Assume I have two functions
def myfunction1(number):
biglist = [1,2,3,4,5,6,7,8,9]
print number*biglist
biglist = [1,2,3,4,5,6,7,8,9]
def myfunction2(number, biglist):
print number*biglist
I time them with ipython's magic %timeit:
In [5]: %timeit myfunction2(number, biglist)
1000000 loops, best of 3: 607 ns per loop
In [6]: %timeit myfunction1(number)
1000000 loops, best of 3: 841 ns per loop
Does this mean that the biglist
variable is re-declared every time I call myfunction1? I would have guessed that after the first function-call Python would somehow store the biglist
variable with the function, so that it would not have to re-initialize the list every time the function is called.
I don't know the inner wo开发者_StackOverflow社区rkings of Python so I'm just guessing. Can someone explain what actually happens?
Python can't do what you suggest without doing some quite complicated analysis. the assignment statement is just an assignment statement if i type x=3
twice in the interpreter i expect x to be 3 just after i type it regardless of what i have done to x in between... this is really no different
to illustrate - that function could easily be
def myfunction1(number):
biglist = [1,2,3,4,5,6,7,8,9]
biglist = number*biglist
print biglist
in which case you want to reassign biglist.
This ofcourse ignores the fact that biglist is a different variable every call - you could have this func executing on 2 threads at the same time and they would be unrelated
Yes.. It is inside the scope of myfunction1 and in myfunction2 it is in global scope which will not end till program ends. Once myfunction1 is completed any vars associated with it will be marked unreachable. And every invocation will create a new vars only in its scope.
--Sai
Python has to create a new list on each entry to myfunction1(), and assign it to 'biglist'.
In myfunction2(), you are passing a reference to the global-scoped 'biglist', so there's no copying to be done.

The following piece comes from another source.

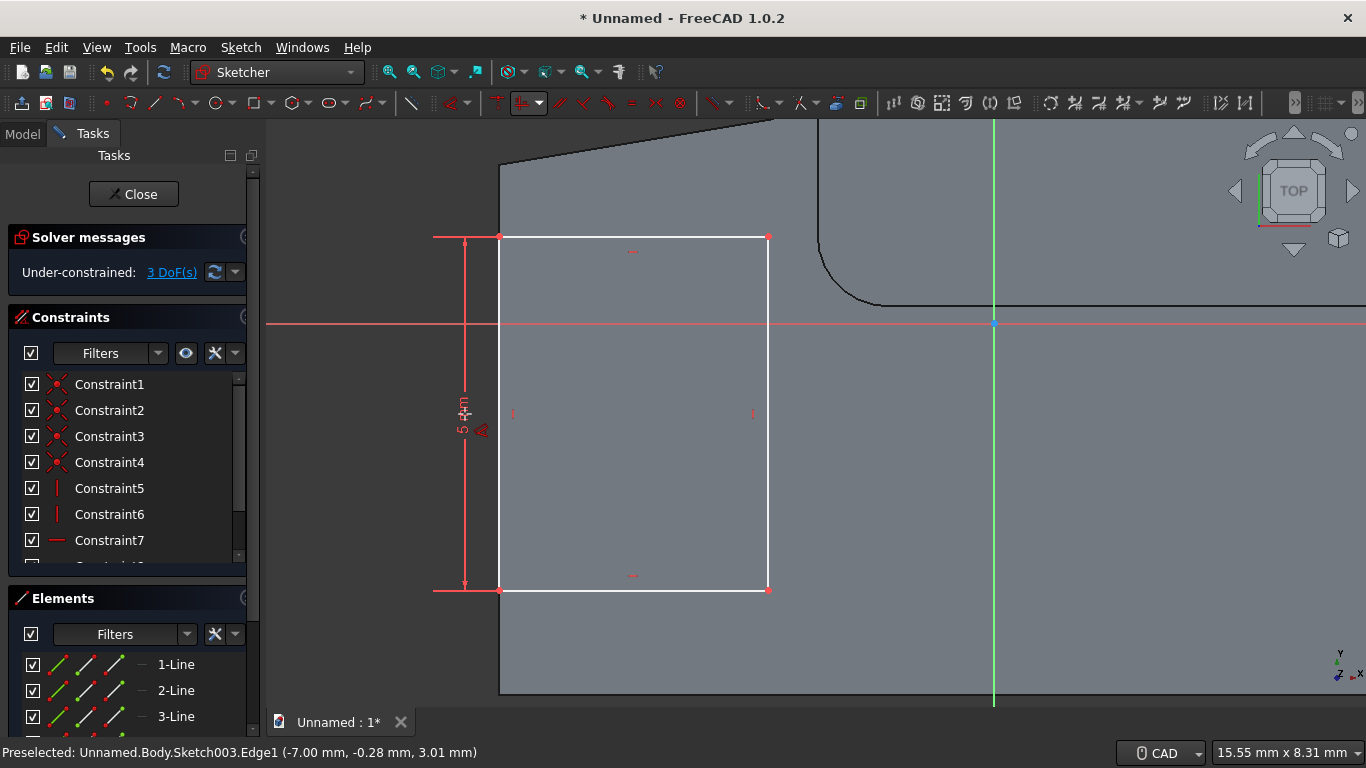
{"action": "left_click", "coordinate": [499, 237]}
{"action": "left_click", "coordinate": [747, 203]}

There are other, subtle differences between the two. Passing in that reference leaves the global data open to (possibly unwanted) interference:
>>> biglist = [ 1,2,3,4,5,6,7,8,9 ]
>>> def myfunction3(mylist):
... mylist[2] = 99
...
>>> biglist
[1, 2, 3, 4, 5, 6, 7, 8, 9]
>>> myfunction3(biglist)
>>> biglist
[1, 2, 99, 4, 5, 6, 7, 8, 9]
...whereas, declaring it in function scope means it's created anew every time. So, for instance:
>>> def myfunction4():
... mylist = [ 1,2,3,4,5 ]
... print mylist
... mylist[2] = 99
...
>>> myfunction4()
[1, 2, 3, 4, 5]
>>> myfunction4()
[1, 2, 3, 4, 5]
Each time the function's called, you've got a fresh, clean, unadulterated copy of the list to play with.

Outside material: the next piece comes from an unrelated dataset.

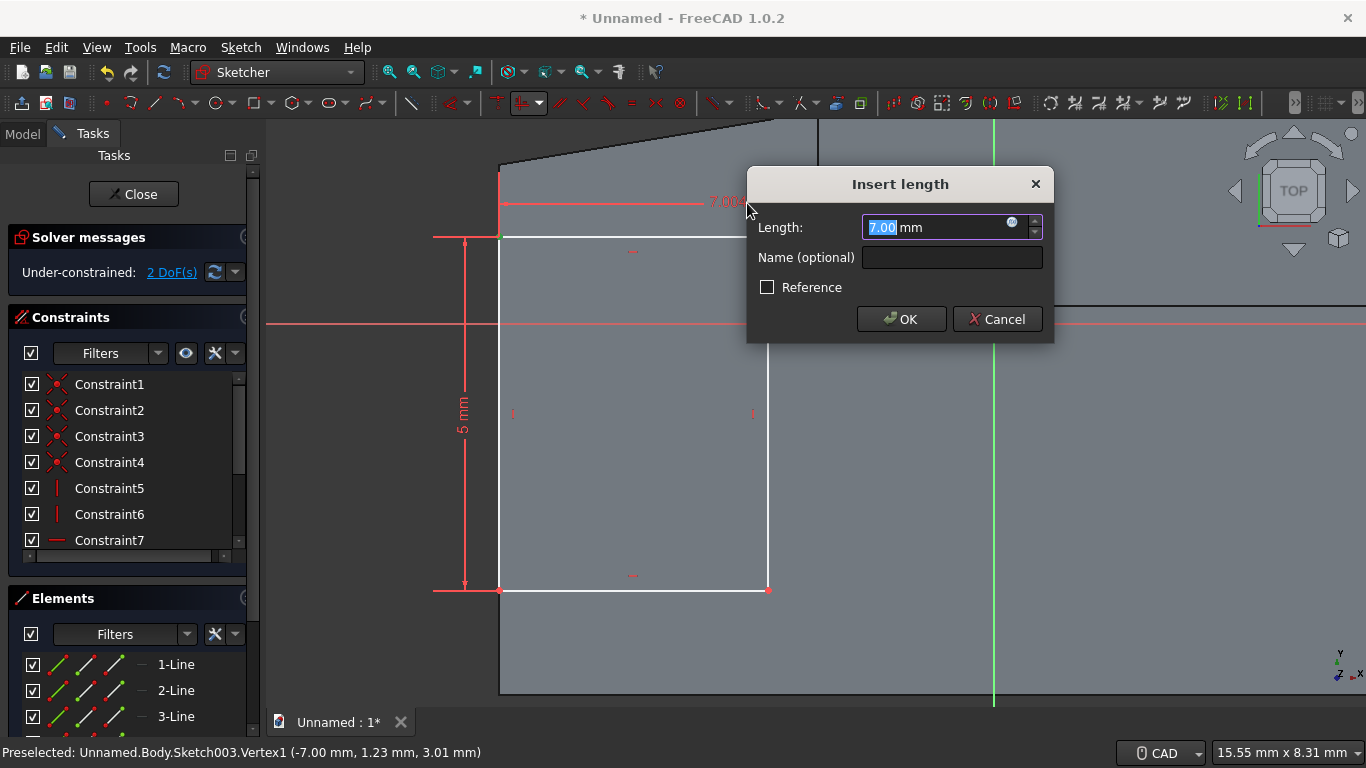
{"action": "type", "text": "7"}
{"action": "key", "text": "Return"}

So how do you get the best of both worlds? Try this:
>>> def myfunction5():
... mylist = biglist+[] # Make a private copy
... mylist[4] = 99
...
>>> biglist
[1, 2, 99, 4, 5, 6, 7, 8, 9]
>>> myfunction5()
>>> biglist
[1, 2, 99, 4, 5, 6, 7, 8, 9]
You can see that global-scope list is unchanged. Your new function, based upon this method, would be:
def myfunction1a(number):
mylist = biglist+[] # Copy-safe version
print number*mylist
How does that compare using your benchmark timings? I know that in this case you're not actually modifying "biglist" in your function, but it's not a bad paradigm to get used to using, if you must have shared global data, and the fact that the list is only constructed from scratch once (and then copied) might give some performance improvements.